On Tue, Mar 23, 2021 at 6:37 PM Sebastian Zarnekow <
[email protected]> wrote:

> Personally I see a lot of value in backwards compatibility at Eclipse.
> Amongst others, the ResourcesPlugin is a very central API and its offered
> accessors to the workspace and friends are probably used by hundreds and
> thousands of plugins that are not under our control. Before moving code
> left and right, I would be really curious how a fully backwards compatible
> solution may look like.
>

Platform has policies and technical validation that ensure that backwards
compatibility is enforced at API level: most APIs have tests that are
contract/spec tests of the behavior, and there are a lot of tools to ensure
API so linkage compatibility is not broken by inadvertence. Concretely,
ResourcePlugin.getWorkspace() will never be removed.
If there are some tricky case you foresee about the upcoming refactoring
which risk of breaking the current API contract, I suggest you capture them
in some test case to integrate in the Platform test bench. In the best
case, they'll be consensual and be merged to prevent this area from
regressing in future refactorings; in the worst case, it's not clear the
behavior being tested is a contract, but it brings the test brings the best
possible material for discussing it.

What concerns me a little are the other exercises in that direction that
> did already land. I often read on bugzillas that class loading is
> dominating the entire activation and if a class is not loaded in context of
> plugin A, it will simply trigger the load in the context of a plugin B and
> there is no real gain in the total startup. After all, the code that is
> supposed to be executed must be loaded before it can run and before the
> workbench can appear.
>

Workbench is not the only consumer of the bundles. Many applications do run
headless, repeatedly at build-time (API Tools for instance). So even if
some refactorings do not impact workbench load, they can positively impact
other use cases, that are also interesting.

Even if I will be perceived as the party pooper: Another concern of mine
> (there is always another concern...): Is this level of complexity that is
> inherent to any multi threaded solution for bundle activation and class
> loading worth the few milliseconds that can be shaved.
>

I looked at a few reviews on the matter of workspace initialization, and my
impression is that it depends: in some cases, refactorings to use an OSGi
service do not increase complexity, they sometimes happen to better
separate concerns and thus improve maintainability/simplicity.

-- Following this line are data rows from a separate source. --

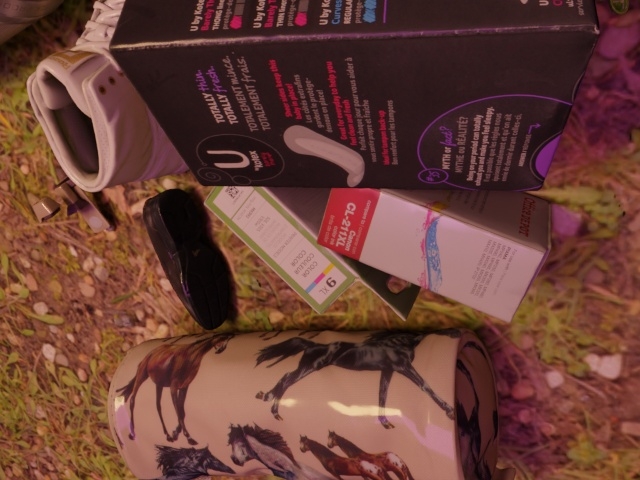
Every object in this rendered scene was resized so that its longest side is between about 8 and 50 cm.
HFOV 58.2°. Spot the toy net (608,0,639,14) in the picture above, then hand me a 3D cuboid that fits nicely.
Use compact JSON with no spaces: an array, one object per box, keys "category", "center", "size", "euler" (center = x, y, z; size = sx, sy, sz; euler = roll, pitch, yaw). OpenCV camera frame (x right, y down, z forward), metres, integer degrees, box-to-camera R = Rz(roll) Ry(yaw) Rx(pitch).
[{"category":"toy net","center":[0.194,-0.274,0.409],"size":[0.122,0.045,0.232],"euler":[-23,89,-7]}]

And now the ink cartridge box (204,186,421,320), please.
[{"category":"ink cartridge box","center":[0.000,0.000,0.565],"size":[0.209,0.109,0.062],"euler":[43,118,2]}]

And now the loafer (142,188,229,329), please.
[{"category":"loafer","center":[-0.156,0.024,0.670],"size":[0.061,0.062,0.170],"euler":[-6,104,46]}]

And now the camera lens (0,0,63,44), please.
[{"category":"camera lens","center":[-0.404,-0.279,0.558],"size":[0.274,0.219,0.220],"euler":[-17,102,25]}]

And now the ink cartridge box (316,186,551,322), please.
[{"category":"ink cartridge box","center":[0.103,-0.016,0.508],"size":[0.175,0.127,0.073],"euler":[23,117,13]}]

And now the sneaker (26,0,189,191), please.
[{"category":"sneaker","center":[-0.185,-0.190,0.536],"size":[0.108,0.169,0.293],"euler":[9,110,20]}]

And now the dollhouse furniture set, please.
[{"category":"dollhouse furniture set","center":[-0.249,-0.045,0.670],"size":[0.114,0.091,0.081],"euler":[-20,116,23]}]

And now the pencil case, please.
[{"category":"pencil case","center":[-0.016,0.186,0.611],"size":[0.409,0.160,0.184],"euler":[-6,116,23]}]

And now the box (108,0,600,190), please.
[{"category":"box","center":[0.027,-0.135,0.403],"size":[0.270,0.165,0.144],"euler":[2,65,10]}]
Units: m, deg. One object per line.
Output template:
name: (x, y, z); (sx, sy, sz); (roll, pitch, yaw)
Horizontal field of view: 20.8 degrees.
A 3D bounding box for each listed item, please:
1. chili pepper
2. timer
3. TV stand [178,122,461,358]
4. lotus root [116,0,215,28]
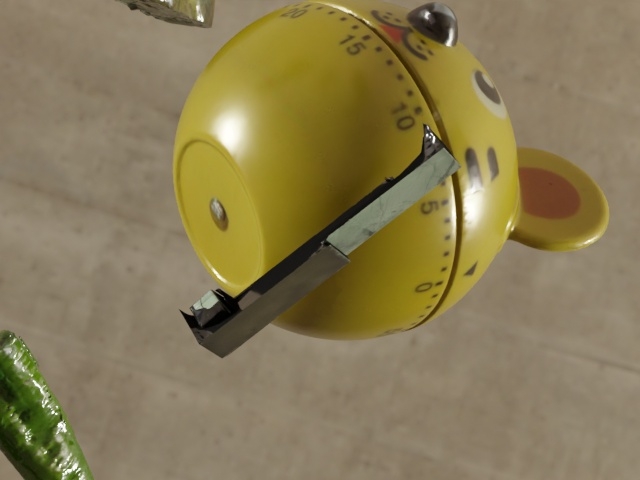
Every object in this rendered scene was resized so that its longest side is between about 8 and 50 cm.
chili pepper: (-0.238, 0.245, 1.669); (0.359, 0.085, 0.076); (60, 9, -16)
timer: (0.057, -0.086, 1.720); (0.387, 0.376, 0.376); (-21, 13, -31)
TV stand: (0.000, 0.000, 1.430); (0.040, 0.256, 0.049); (57, 9, 28)
lotus root: (-0.179, -0.406, 2.092); (0.149, 0.260, 0.267); (17, 0, 27)

But
sometimes, it's indeed slightly more complex.
I have the impression those are similar to any change and should be treated
individually like we do for all other changes, as there is not clear sign
that things get systematically simpler/harder, better/worse,... when using
services.


> But in the end, I'm not a committer on the platform and only a consumer
> that tries to maintain a complex framework across various versions of
> Eclipse in a backward- and forward-compatible way. In the end I can only
> voice my opinion and try to understand the solution such that I know how to
> best use it such that the code is still fine with Eclipse 4.8, 4.20, and
> all versions inbetween.
>

Platform usually try to capture new patterns in migration guide and
documentation. But for sure, if you want to still write code that targets
Eclipse 4.8, you won't be able to use newer APIs and patterns, eg your
plugin will keep calling ResourcePlugin.getWorkspace early in Activator and
Eclipse Workbench will not start faster when your plugin is installed. But
as long as you stick to 4.8 and verify you don't rely on APIs that don't
get deprecated/removed, it should work with 4.20 even if some refactorings
about internal Activator have been happening; 4.20 should not work worse
than 4.8.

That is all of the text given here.